### What the task asks
Since only part of the material below is wanted, output exactly the lines from the one with "k l m n - 1" up to and including the one with "to text. <code><loc_0><loc_0><loc_500><loc_500><_Rust_>use".
:::
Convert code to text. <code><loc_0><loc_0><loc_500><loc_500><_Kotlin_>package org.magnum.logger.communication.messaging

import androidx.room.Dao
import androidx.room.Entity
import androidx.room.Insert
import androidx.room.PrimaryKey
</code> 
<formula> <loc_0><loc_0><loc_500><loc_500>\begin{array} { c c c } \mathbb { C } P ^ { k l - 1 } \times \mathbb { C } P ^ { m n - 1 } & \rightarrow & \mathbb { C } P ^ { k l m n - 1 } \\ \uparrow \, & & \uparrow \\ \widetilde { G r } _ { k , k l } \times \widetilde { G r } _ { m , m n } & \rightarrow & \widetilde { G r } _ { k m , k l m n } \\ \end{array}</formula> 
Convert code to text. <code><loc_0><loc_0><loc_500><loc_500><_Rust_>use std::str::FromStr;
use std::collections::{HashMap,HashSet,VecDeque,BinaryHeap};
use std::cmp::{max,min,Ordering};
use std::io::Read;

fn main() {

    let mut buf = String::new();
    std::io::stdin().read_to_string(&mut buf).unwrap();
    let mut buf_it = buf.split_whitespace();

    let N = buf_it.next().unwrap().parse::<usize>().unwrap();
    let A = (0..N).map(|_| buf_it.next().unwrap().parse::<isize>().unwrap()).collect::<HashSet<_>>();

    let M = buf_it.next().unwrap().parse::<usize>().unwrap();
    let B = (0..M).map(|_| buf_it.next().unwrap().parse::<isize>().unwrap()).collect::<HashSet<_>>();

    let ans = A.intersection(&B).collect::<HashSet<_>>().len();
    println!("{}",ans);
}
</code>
:::
### The completed task
<formula> <loc_0><loc_0><loc_500><loc_500>\begin{array} { c c c } \mathbb { C } P ^ { k l - 1 } \times \mathbb { C } P ^ { m n - 1 } & \rightarrow & \mathbb { C } P ^ { k l m n - 1 } \\ \uparrow \, & & \uparrow \\ \widetilde { G r } _ { k , k l } \times \widetilde { G r } _ { m , m n } & \rightarrow & \widetilde { G r } _ { k m , k l m n } \\ \end{array}</formula> 
Convert code to text. <code><loc_0><loc_0><loc_500><loc_500><_Rust_>use std::str::FromStr;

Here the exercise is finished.